The Health Foundation has announced it is making significant investments towards a new programme of work to explore the impact of data analytics and technology on health and care in the UK.
Building on the Foundation’s established reputation in data analytics, the plans outlined today aim to tackle real world problems that affect people’s health and to develop our understanding of the role that technology and data is increasingly playing in our daily lives.
There is rapid innovation in the use of analytics and data-driven technology (including artificial intelligence) in health and care, with huge investments from big industry accelerating the pace of change. This week the government also announced a new £140m artificial intelligence award for health and care. Recognising the increasing impact that technology is having on the UK’s health - both for good and for bad - the Health Foundation has set out how it aims to help policymakers, practitioners and the wider public to get to grips with the seismic changes taking place.
A key part of the strategy is to establish major new partnerships and research initiatives, and to collaborate with innovative organisations to take this agenda forward. The Foundation is already working with Health Data Research UK*, The Alan Turing Institute and NHSX.
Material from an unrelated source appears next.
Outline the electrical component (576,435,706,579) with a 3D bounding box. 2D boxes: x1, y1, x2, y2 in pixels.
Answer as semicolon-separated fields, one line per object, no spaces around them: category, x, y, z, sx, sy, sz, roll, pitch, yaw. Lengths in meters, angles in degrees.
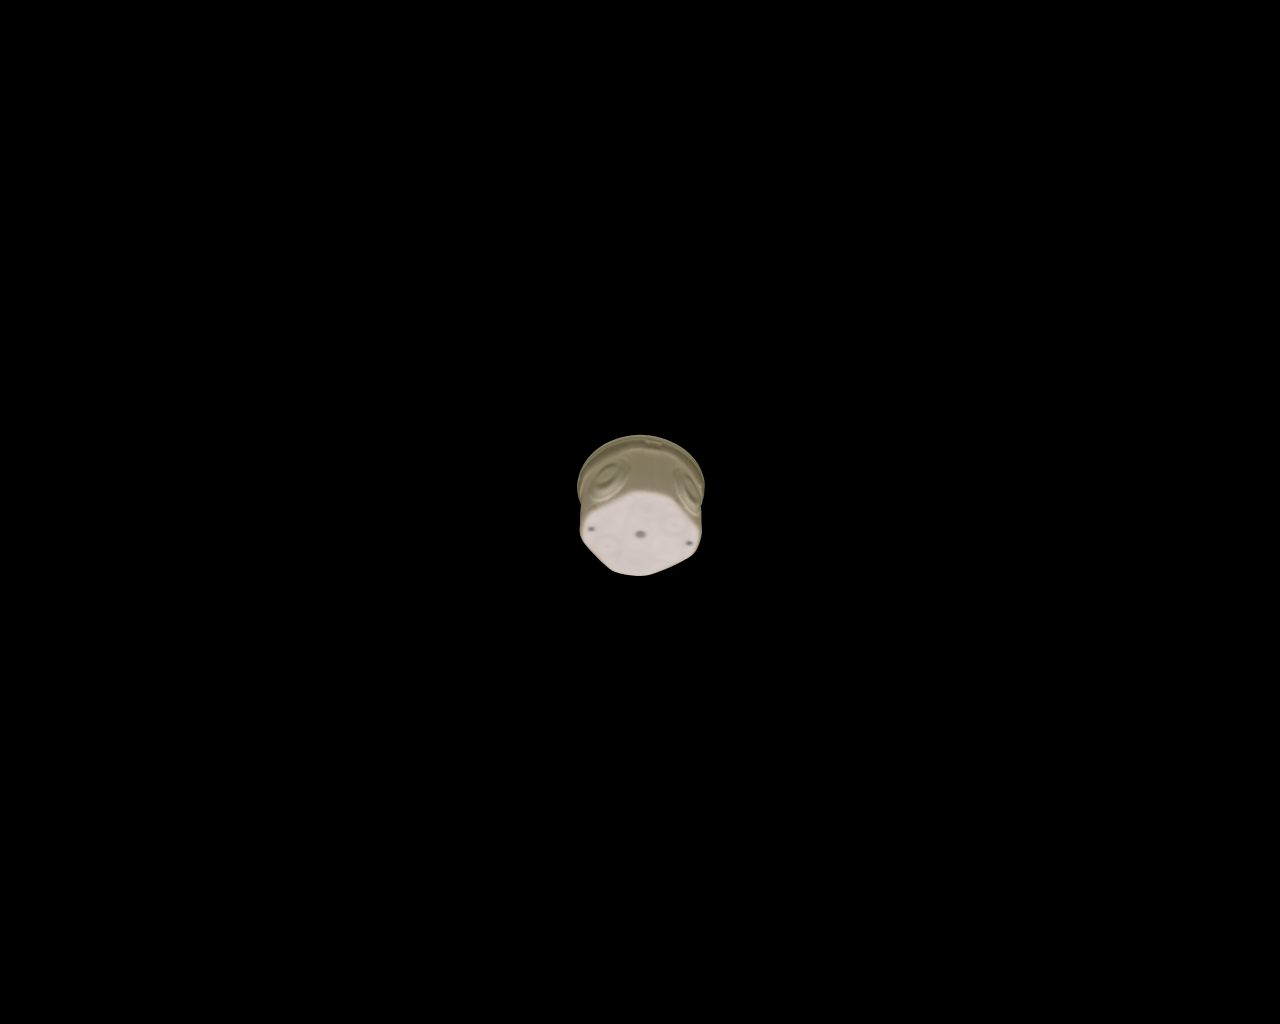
electrical component;0.001;-0.003;0.650;0.080;0.080;0.051;0;42;0

Today’s announcement follows the recent launch of the Foundation’s Networked Data Lab, a project which aims to build a network of data specialists across the country to work on shared challenges in health and care. It also builds on other established initiatives, including the Improvement Analytics Unit, a partnership with NHS England and Improvement.
While many of the impacts of data and technology on health and health care are hugely positive, they also have the potential to exacerbate health inequalities, and increase demand for an overstretched health and social care system. The Foundation’s data team will be conducting research and analysis into these issues, and developing innovative ways to address them.
A key focus will also be to ensure that the health and social care system maximises the value that data holds to the health and care system, so it will continue to champion better analytics across the sector, offering funding and support for innovative work, and creating networks and communities of data analysts. It also aims to spread and share data analytics tools and methods through events, resources, publications, and collaborating with others.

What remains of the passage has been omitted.